*REQUIREMENT*
Below are records; work out how many of their lines contain the word "oriented" and reply with the number only.

BEGIN SOURCE MATERIAL

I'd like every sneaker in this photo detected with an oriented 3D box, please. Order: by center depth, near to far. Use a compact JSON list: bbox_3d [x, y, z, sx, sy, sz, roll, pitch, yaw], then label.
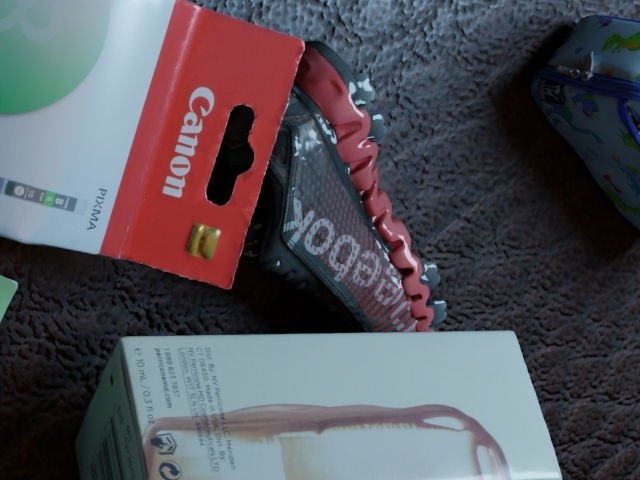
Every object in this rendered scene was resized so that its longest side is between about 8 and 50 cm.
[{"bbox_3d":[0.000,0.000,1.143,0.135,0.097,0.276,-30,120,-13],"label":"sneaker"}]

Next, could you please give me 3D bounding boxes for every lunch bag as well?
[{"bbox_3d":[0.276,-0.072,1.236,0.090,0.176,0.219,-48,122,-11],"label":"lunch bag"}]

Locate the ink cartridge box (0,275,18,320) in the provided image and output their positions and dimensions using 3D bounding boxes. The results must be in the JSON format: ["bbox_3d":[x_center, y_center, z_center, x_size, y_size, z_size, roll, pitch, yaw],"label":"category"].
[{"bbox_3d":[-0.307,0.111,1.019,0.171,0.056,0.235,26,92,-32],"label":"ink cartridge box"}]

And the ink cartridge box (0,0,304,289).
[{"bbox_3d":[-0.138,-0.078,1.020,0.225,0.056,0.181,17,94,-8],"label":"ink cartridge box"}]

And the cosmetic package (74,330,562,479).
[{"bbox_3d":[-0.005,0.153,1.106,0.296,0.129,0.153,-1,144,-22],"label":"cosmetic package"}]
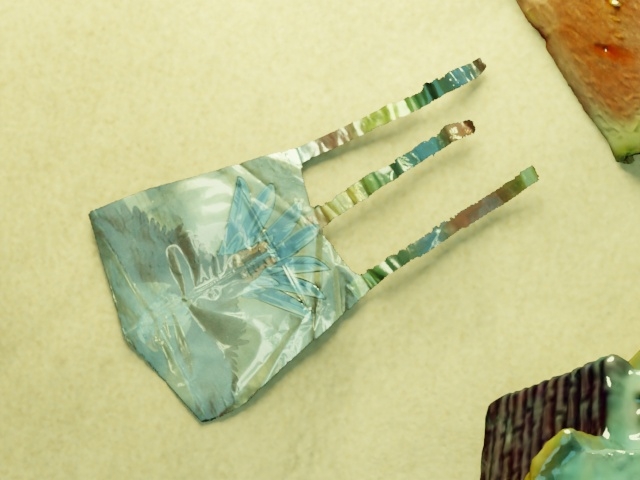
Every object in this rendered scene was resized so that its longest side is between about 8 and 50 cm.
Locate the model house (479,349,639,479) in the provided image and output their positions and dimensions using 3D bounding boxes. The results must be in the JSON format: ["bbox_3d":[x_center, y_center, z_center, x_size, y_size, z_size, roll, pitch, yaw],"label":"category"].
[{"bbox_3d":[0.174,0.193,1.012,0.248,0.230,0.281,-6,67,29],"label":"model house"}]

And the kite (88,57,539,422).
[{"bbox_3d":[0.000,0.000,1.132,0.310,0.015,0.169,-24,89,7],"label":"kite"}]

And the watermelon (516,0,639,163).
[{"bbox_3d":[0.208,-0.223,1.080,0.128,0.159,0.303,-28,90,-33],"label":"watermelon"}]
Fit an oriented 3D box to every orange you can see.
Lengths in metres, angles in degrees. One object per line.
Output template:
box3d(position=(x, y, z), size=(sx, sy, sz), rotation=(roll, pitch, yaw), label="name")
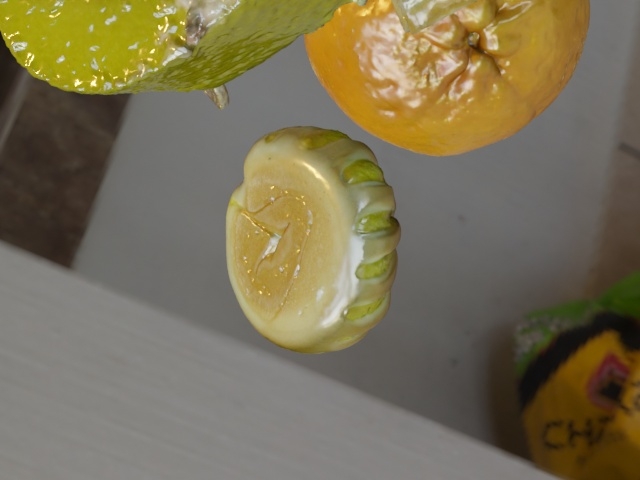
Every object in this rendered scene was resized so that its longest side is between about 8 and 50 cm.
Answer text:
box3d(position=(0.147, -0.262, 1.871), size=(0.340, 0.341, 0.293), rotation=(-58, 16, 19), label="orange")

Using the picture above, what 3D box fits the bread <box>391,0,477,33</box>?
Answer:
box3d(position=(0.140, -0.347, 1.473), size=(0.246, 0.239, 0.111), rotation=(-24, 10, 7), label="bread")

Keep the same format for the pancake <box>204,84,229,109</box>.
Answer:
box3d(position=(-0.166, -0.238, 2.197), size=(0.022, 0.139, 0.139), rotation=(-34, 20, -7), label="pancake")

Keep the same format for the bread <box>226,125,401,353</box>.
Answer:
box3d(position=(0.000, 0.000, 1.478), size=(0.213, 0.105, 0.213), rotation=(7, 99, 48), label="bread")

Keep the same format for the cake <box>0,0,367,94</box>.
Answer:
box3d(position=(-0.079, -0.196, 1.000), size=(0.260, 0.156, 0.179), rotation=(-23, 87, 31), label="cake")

END SOURCE MATERIAL

*WRITTEN SOLUTION*
2